Data entries
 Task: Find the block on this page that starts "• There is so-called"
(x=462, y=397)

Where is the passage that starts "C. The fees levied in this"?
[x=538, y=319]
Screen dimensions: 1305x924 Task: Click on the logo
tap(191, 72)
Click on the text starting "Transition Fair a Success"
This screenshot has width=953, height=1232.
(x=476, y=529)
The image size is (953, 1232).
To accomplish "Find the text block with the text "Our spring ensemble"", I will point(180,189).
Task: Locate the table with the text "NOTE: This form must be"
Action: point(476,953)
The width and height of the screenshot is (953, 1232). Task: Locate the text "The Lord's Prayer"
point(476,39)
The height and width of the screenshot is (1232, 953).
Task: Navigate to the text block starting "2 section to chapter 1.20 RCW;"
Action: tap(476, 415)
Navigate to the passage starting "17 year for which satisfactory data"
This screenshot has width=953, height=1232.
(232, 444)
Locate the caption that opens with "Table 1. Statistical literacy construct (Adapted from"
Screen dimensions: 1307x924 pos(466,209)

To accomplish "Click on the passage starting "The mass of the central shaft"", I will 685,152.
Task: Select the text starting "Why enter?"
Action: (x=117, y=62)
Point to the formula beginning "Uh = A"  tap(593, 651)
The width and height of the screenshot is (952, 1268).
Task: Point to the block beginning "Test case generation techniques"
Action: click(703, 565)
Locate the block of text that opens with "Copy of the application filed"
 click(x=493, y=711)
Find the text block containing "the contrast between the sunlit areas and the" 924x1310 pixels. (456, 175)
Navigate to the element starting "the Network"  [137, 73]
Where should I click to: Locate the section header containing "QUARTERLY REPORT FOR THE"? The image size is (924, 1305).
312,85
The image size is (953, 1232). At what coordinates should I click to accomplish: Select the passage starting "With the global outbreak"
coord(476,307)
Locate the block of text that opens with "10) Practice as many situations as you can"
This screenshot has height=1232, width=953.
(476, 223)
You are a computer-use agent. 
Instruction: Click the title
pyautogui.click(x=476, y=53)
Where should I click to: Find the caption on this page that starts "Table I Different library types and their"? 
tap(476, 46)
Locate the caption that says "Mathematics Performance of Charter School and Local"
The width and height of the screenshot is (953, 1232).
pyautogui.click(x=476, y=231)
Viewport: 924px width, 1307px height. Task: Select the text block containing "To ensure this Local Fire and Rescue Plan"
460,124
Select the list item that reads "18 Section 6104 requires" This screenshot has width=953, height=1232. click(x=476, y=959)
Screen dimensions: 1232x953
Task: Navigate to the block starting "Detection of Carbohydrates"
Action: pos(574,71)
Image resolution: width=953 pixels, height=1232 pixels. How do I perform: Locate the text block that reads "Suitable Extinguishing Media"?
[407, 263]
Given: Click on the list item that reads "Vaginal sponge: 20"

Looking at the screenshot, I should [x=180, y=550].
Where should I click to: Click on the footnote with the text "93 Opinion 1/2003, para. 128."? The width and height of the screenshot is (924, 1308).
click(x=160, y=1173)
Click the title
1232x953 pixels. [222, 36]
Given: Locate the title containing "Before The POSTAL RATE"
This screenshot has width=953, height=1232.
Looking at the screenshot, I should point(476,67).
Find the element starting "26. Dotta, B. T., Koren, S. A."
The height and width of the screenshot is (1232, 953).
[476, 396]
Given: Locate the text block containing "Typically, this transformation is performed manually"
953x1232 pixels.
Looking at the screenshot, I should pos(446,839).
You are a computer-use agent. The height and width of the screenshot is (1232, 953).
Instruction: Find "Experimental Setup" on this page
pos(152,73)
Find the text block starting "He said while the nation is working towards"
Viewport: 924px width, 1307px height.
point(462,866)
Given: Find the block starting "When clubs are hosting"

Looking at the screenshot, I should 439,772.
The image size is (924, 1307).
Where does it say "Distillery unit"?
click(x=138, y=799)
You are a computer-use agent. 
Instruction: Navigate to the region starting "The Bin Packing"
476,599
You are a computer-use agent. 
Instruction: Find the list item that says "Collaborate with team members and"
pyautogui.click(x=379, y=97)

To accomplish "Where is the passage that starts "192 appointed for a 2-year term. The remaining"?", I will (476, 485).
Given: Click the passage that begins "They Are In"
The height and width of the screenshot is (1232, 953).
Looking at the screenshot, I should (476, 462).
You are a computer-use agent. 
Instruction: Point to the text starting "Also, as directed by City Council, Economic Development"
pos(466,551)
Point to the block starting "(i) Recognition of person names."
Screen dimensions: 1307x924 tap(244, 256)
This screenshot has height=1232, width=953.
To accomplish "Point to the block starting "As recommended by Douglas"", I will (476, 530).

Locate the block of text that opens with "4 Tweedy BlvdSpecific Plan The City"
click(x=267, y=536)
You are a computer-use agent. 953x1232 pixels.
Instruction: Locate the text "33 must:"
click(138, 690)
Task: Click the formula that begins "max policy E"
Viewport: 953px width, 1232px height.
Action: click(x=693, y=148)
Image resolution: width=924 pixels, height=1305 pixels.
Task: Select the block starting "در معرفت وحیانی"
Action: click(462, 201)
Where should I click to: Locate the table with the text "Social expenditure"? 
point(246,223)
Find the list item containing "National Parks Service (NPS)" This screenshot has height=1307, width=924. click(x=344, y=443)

TRY IT => Print the entries once more, character for character.

SOLUTION TO THIS EXERCISE =>
 Task: Find the block on this page that starts "• There is so-called"
(x=462, y=397)

Where is the passage that starts "C. The fees levied in this"?
[x=538, y=319]
Screen dimensions: 1305x924 Task: Click on the logo
tap(191, 72)
Click on the text starting "Transition Fair a Success"
This screenshot has width=953, height=1232.
(x=476, y=529)
The image size is (953, 1232).
To accomplish "Find the text block with the text "Our spring ensemble"", I will point(180,189).
Task: Locate the table with the text "NOTE: This form must be"
Action: point(476,953)
The width and height of the screenshot is (953, 1232). Task: Locate the text "The Lord's Prayer"
point(476,39)
The height and width of the screenshot is (1232, 953).
Task: Navigate to the text block starting "2 section to chapter 1.20 RCW;"
Action: tap(476, 415)
Navigate to the passage starting "17 year for which satisfactory data"
This screenshot has width=953, height=1232.
(232, 444)
Locate the caption that opens with "Table 1. Statistical literacy construct (Adapted from"
Screen dimensions: 1307x924 pos(466,209)

To accomplish "Click on the passage starting "The mass of the central shaft"", I will 685,152.
Task: Select the text starting "Why enter?"
Action: (x=117, y=62)
Point to the formula beginning "Uh = A"  tap(593, 651)
The width and height of the screenshot is (952, 1268).
Task: Point to the block beginning "Test case generation techniques"
Action: click(703, 565)
Locate the block of text that opens with "Copy of the application filed"
 click(x=493, y=711)
Find the text block containing "the contrast between the sunlit areas and the" 924x1310 pixels. (456, 175)
Navigate to the element starting "the Network"  [137, 73]
Where should I click to: Locate the section header containing "QUARTERLY REPORT FOR THE"? The image size is (924, 1305).
312,85
The image size is (953, 1232). At what coordinates should I click to accomplish: Select the passage starting "With the global outbreak"
coord(476,307)
Locate the block of text that opens with "10) Practice as many situations as you can"
This screenshot has height=1232, width=953.
(476, 223)
You are a computer-use agent. 
Instruction: Click the title
pyautogui.click(x=476, y=53)
Where should I click to: Find the caption on this page that starts "Table I Different library types and their"? 
tap(476, 46)
Locate the caption that says "Mathematics Performance of Charter School and Local"
The width and height of the screenshot is (953, 1232).
pyautogui.click(x=476, y=231)
Viewport: 924px width, 1307px height. Task: Select the text block containing "To ensure this Local Fire and Rescue Plan"
460,124
Select the list item that reads "18 Section 6104 requires" This screenshot has width=953, height=1232. click(x=476, y=959)
Screen dimensions: 1232x953
Task: Navigate to the block starting "Detection of Carbohydrates"
Action: pos(574,71)
Image resolution: width=953 pixels, height=1232 pixels. How do I perform: Locate the text block that reads "Suitable Extinguishing Media"?
[407, 263]
Given: Click on the list item that reads "Vaginal sponge: 20"

Looking at the screenshot, I should [x=180, y=550].
Where should I click to: Click on the footnote with the text "93 Opinion 1/2003, para. 128."? The width and height of the screenshot is (924, 1308).
click(x=160, y=1173)
Click the title
1232x953 pixels. [222, 36]
Given: Locate the title containing "Before The POSTAL RATE"
This screenshot has width=953, height=1232.
Looking at the screenshot, I should point(476,67).
Find the element starting "26. Dotta, B. T., Koren, S. A."
The height and width of the screenshot is (1232, 953).
[476, 396]
Given: Locate the text block containing "Typically, this transformation is performed manually"
953x1232 pixels.
Looking at the screenshot, I should pos(446,839).
You are a computer-use agent. The height and width of the screenshot is (1232, 953).
Instruction: Find "Experimental Setup" on this page
pos(152,73)
Find the text block starting "He said while the nation is working towards"
Viewport: 924px width, 1307px height.
point(462,866)
Given: Find the block starting "When clubs are hosting"

Looking at the screenshot, I should 439,772.
The image size is (924, 1307).
Where does it say "Distillery unit"?
click(x=138, y=799)
You are a computer-use agent. 
Instruction: Navigate to the region starting "The Bin Packing"
476,599
You are a computer-use agent. 
Instruction: Find the list item that says "Collaborate with team members and"
pyautogui.click(x=379, y=97)

To accomplish "Where is the passage that starts "192 appointed for a 2-year term. The remaining"?", I will (476, 485).
Given: Click the passage that begins "They Are In"
The height and width of the screenshot is (1232, 953).
Looking at the screenshot, I should (476, 462).
You are a computer-use agent. 
Instruction: Point to the text starting "Also, as directed by City Council, Economic Development"
pos(466,551)
Point to the block starting "(i) Recognition of person names."
Screen dimensions: 1307x924 tap(244, 256)
This screenshot has height=1232, width=953.
To accomplish "Point to the block starting "As recommended by Douglas"", I will (476, 530).

Locate the block of text that opens with "4 Tweedy BlvdSpecific Plan The City"
click(x=267, y=536)
You are a computer-use agent. 953x1232 pixels.
Instruction: Locate the text "33 must:"
click(138, 690)
Task: Click the formula that begins "max policy E"
Viewport: 953px width, 1232px height.
Action: click(x=693, y=148)
Image resolution: width=924 pixels, height=1305 pixels.
Task: Select the block starting "در معرفت وحیانی"
Action: click(462, 201)
Where should I click to: Locate the table with the text "Social expenditure"? 
point(246,223)
Find the list item containing "National Parks Service (NPS)" This screenshot has height=1307, width=924. click(x=344, y=443)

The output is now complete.